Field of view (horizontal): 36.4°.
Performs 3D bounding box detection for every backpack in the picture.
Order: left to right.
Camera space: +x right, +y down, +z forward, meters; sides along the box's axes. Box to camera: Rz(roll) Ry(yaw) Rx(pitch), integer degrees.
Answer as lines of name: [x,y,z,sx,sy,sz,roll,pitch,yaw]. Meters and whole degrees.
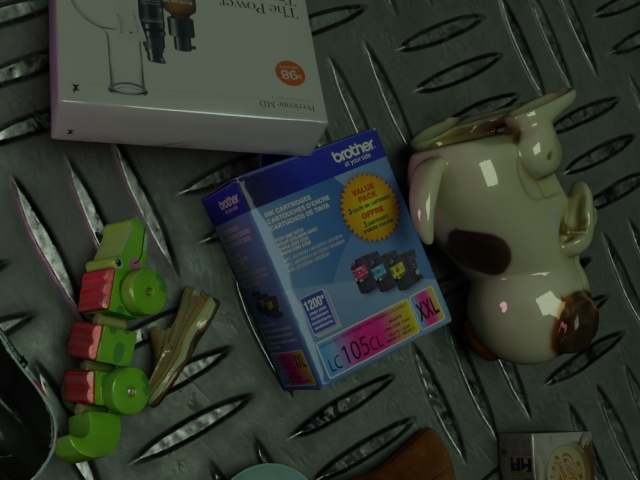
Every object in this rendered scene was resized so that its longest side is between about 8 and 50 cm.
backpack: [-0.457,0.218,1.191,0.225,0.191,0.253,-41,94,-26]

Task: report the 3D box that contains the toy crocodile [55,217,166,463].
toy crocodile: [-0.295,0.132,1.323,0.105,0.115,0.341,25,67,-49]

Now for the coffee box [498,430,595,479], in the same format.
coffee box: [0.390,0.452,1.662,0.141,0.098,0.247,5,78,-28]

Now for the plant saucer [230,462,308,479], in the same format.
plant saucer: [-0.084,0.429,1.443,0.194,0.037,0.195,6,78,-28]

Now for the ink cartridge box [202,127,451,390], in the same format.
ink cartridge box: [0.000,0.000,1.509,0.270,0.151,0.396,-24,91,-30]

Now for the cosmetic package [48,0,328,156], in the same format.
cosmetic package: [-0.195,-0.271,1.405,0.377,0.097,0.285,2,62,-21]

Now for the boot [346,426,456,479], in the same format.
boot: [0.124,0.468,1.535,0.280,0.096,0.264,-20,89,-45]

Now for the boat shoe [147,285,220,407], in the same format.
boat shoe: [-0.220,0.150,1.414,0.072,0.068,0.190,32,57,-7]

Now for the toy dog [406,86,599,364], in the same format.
---
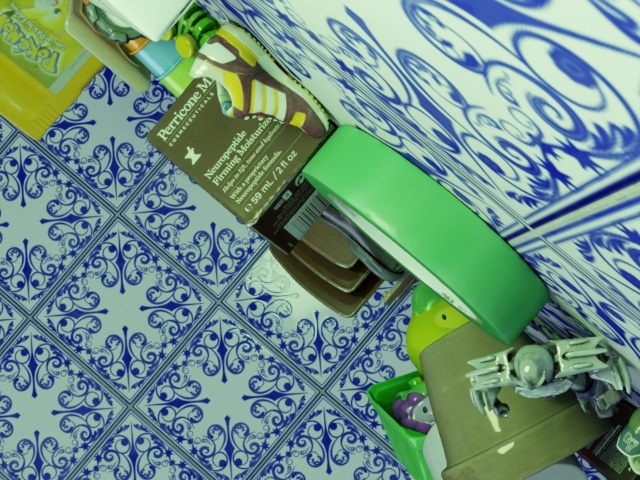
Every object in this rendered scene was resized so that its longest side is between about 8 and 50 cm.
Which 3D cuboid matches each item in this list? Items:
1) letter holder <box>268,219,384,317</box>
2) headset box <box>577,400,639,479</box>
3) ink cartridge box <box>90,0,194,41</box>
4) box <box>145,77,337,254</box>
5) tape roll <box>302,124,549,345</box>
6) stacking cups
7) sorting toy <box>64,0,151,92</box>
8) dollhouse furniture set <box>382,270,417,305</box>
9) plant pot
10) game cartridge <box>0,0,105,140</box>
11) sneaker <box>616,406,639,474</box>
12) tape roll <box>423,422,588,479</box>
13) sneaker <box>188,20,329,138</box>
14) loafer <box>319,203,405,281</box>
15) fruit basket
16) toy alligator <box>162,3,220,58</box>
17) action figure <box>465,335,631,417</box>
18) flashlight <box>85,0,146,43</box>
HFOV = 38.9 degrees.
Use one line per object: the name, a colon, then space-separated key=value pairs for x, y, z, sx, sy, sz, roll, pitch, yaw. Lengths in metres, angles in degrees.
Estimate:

- [How to complete this task]: What you return should be exactly the lines above, starting at the one with "4) box <box>145,77,337,254</box>" and ending at the one with "13) sneaker <box>188,20,329,138</box>", and nothing else.

- [Result for this exercise]:
4) box <box>145,77,337,254</box>
5) tape roll <box>302,124,549,345</box>
6) stacking cups
7) sorting toy <box>64,0,151,92</box>
8) dollhouse furniture set <box>382,270,417,305</box>
9) plant pot
10) game cartridge <box>0,0,105,140</box>
11) sneaker <box>616,406,639,474</box>
12) tape roll <box>423,422,588,479</box>
13) sneaker <box>188,20,329,138</box>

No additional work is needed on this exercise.